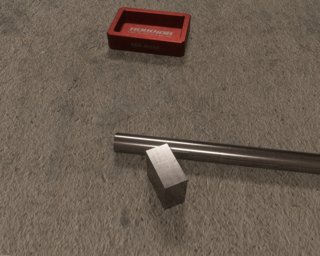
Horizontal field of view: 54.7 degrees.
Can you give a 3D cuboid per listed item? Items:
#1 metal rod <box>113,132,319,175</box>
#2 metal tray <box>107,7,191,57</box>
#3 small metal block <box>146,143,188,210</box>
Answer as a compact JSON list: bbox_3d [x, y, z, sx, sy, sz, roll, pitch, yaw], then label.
[{"bbox_3d":[0.095,0.033,0.376,0.302,0.025,0.025,6,50,4],"label":"metal rod"},{"bbox_3d":[-0.017,-0.170,0.542,0.131,0.030,0.090,8,50,6],"label":"metal tray"},{"bbox_3d":[0.006,0.054,0.342,0.025,0.050,0.050,-19,53,-15],"label":"small metal block"}]
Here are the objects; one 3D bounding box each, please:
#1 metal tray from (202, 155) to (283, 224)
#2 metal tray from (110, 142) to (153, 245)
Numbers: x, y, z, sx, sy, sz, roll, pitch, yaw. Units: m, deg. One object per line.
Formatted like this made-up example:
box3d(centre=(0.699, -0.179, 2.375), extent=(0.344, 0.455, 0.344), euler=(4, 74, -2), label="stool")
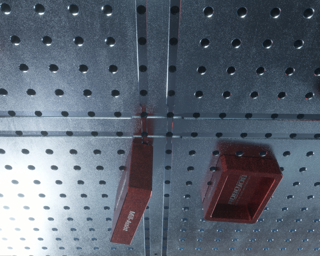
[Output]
box3d(centre=(0.127, 0.102, 0.495), extent=(0.091, 0.030, 0.129), euler=(6, 130, -5), label="metal tray")
box3d(centre=(-0.042, 0.096, 0.449), extent=(0.030, 0.090, 0.129), euler=(12, 129, -10), label="metal tray")

######

§ **Task requirements**
Print only the lines running from the line that contains "Formatted like this" to the final line of the listing, both included. Omit every picture.

§ **Task response**
Formatted like this made-up example:
box3d(centre=(0.699, -0.179, 2.375), extent=(0.344, 0.455, 0.344), euler=(4, 74, -2), label="stool")
[Output]
box3d(centre=(0.127, 0.102, 0.495), extent=(0.091, 0.030, 0.129), euler=(6, 130, -5), label="metal tray")
box3d(centre=(-0.042, 0.096, 0.449), extent=(0.030, 0.090, 0.129), euler=(12, 129, -10), label="metal tray")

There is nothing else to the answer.